Loblaw had revenues of $51 billion in its latest 12 months and net income of $1.02 billion.
After a spurt in the spring when nervous customers loaded their pantries, grocery stocks have lagged the market rebound. Loblaws shares are off 1.5% year-to-date and 13% in the past 12 months at the current price of $61.88.
Food chains were among the worst-performing Canadian stocks of 2020. Margins are under pressure as the pandemic increase the costs of producing and shipping food. The pandemic also added costs for such things as protective equipment for staff, higher wages, and enhanced store cleaning.
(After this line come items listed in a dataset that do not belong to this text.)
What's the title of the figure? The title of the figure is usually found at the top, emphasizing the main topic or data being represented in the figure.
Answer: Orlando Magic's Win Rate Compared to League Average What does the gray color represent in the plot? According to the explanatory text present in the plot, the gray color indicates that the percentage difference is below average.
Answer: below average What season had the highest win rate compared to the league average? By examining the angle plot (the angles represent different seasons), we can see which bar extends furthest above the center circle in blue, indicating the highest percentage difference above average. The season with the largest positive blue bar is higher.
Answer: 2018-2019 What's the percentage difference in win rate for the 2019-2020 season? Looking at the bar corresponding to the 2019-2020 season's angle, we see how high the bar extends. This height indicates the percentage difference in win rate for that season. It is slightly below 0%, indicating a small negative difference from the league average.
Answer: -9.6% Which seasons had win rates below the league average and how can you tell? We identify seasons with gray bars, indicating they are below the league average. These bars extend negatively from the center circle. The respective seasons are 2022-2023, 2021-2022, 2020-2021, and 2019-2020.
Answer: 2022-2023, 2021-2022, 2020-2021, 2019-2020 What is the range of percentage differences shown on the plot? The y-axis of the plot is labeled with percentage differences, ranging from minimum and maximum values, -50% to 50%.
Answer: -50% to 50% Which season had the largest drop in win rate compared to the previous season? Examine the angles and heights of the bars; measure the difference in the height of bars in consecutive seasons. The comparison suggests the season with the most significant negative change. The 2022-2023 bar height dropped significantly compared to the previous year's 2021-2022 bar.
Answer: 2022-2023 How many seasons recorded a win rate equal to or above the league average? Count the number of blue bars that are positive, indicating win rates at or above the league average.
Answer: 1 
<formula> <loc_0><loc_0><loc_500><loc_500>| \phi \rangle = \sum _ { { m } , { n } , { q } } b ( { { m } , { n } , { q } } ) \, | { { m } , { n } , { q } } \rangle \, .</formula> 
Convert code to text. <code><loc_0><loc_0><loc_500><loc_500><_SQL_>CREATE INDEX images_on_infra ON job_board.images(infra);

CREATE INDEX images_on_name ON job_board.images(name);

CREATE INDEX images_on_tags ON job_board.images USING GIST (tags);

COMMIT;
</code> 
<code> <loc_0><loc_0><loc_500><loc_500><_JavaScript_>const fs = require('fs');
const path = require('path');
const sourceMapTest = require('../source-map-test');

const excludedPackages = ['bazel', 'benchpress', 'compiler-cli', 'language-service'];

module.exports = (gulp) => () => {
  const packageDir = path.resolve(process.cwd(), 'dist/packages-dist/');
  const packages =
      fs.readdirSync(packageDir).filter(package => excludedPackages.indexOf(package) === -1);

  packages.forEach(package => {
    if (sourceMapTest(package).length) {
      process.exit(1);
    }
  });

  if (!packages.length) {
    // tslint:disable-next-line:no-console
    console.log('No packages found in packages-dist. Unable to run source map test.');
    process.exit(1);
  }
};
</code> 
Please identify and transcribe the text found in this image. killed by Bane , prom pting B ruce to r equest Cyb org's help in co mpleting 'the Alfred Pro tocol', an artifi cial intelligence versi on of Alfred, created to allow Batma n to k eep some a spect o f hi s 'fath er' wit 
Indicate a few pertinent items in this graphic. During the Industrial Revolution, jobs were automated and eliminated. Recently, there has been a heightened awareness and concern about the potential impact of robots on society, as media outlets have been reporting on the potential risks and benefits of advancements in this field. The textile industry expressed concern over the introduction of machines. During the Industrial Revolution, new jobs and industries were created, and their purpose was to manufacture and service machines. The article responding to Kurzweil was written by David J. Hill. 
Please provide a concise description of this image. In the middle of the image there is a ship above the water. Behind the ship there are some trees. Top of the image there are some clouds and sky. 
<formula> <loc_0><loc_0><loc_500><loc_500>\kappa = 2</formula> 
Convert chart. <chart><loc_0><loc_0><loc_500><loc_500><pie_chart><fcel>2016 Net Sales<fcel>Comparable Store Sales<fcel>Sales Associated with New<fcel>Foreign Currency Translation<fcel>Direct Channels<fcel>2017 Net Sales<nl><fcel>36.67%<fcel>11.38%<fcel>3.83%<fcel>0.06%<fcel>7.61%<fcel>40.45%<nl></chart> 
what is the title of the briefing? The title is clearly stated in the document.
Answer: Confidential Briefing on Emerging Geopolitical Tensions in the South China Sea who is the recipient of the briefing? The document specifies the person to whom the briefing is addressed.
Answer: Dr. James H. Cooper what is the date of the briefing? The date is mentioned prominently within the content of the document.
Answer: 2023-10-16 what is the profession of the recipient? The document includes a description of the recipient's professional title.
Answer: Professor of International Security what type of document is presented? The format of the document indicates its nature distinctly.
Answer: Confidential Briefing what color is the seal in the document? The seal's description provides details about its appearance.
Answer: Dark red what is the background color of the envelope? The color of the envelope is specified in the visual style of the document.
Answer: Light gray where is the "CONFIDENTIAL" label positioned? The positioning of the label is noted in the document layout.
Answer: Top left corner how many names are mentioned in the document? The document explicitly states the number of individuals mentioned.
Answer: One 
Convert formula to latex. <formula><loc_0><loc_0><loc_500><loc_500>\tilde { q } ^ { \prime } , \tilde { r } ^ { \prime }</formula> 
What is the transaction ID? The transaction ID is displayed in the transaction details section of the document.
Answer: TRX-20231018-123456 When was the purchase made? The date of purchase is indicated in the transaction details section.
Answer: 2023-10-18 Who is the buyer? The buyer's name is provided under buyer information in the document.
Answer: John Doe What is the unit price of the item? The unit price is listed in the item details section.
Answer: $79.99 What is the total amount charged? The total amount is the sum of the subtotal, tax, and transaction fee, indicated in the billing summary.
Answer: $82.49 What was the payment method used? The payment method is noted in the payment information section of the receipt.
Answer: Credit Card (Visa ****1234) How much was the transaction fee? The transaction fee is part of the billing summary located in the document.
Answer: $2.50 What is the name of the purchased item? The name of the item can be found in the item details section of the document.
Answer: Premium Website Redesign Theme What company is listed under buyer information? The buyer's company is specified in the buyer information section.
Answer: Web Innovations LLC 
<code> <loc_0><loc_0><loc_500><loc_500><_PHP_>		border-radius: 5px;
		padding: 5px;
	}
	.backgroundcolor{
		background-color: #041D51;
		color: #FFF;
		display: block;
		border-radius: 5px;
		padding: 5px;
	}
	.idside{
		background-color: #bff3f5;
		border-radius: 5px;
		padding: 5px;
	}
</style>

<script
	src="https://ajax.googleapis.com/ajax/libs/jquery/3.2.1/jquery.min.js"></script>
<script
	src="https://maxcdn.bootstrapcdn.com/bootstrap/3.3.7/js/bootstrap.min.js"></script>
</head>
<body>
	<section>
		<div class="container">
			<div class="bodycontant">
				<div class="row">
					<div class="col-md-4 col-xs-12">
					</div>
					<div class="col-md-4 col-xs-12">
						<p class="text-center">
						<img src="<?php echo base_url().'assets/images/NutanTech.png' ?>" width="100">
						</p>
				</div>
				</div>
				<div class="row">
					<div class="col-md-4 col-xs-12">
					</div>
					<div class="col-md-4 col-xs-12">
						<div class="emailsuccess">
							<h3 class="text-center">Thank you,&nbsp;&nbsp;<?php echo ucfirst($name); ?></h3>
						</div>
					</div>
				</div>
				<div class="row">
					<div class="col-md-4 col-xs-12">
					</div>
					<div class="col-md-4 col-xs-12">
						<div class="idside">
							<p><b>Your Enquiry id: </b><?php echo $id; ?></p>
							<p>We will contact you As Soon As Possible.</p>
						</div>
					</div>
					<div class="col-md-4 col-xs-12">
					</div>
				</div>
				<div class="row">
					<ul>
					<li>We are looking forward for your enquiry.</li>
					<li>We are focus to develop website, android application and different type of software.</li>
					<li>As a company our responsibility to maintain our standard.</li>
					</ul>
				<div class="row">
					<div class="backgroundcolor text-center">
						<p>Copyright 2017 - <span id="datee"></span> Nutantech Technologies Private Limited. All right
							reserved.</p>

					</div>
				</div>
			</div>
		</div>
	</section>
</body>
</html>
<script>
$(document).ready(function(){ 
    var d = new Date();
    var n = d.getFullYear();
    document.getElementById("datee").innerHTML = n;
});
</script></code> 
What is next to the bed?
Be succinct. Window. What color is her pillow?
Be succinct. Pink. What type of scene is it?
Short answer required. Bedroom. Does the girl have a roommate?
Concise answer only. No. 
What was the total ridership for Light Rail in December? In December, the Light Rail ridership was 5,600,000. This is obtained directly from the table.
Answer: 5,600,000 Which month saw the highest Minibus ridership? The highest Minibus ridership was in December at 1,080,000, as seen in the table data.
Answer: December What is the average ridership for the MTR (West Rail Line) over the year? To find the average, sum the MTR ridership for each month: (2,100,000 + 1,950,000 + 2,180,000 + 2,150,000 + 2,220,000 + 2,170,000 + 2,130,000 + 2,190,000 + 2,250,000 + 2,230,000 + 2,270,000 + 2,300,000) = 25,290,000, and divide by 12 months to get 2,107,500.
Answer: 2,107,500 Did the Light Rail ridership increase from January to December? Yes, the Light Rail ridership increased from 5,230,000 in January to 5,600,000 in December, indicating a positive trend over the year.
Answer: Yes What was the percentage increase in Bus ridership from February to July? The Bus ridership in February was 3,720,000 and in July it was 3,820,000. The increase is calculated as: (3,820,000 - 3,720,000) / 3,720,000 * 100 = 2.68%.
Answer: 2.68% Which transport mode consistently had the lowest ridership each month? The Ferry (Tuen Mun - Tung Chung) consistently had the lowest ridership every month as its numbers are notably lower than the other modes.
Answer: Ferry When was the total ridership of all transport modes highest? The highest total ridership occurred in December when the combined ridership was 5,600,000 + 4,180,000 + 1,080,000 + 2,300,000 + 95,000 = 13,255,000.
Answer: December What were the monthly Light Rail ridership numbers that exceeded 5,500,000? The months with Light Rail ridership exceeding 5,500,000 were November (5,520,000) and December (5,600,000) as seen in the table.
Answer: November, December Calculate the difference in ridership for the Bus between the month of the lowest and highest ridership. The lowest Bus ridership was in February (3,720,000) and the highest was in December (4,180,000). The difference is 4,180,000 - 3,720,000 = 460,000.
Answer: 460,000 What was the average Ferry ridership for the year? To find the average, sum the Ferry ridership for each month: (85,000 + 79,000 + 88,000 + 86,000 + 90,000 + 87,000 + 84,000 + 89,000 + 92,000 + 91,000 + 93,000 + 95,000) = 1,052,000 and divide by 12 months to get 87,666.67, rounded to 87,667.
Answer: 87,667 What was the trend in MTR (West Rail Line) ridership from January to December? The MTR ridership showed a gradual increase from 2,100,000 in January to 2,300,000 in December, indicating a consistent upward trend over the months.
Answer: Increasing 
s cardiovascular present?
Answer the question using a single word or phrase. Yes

Groceries are a mature, thin margin business so Loblaws is trying to grow through telehealth. In September, it made a $75 million investment in Maple Corp., which offers an app that connects patients to pharmacists and doctors. It facilitates consultations through the Shoppers website for such things as skin problems, allergies, and infections.
In November, it announced a partnership with League Ltd., a startup that has developed the PC Health app with similar features to Babylon. It enables live chats with nurses, dietitians, and others who can refer users to doctors, mental health support, and vision care.
Loblaw increased its dividend 6.35% to $0.335 with the December payment, its ninth straight year of increase. It yields 2.16% at current prices.
As conditions improve, so should Loblaw’s profitability. New ventures like connected health offer growth in the medium term at a modest pace.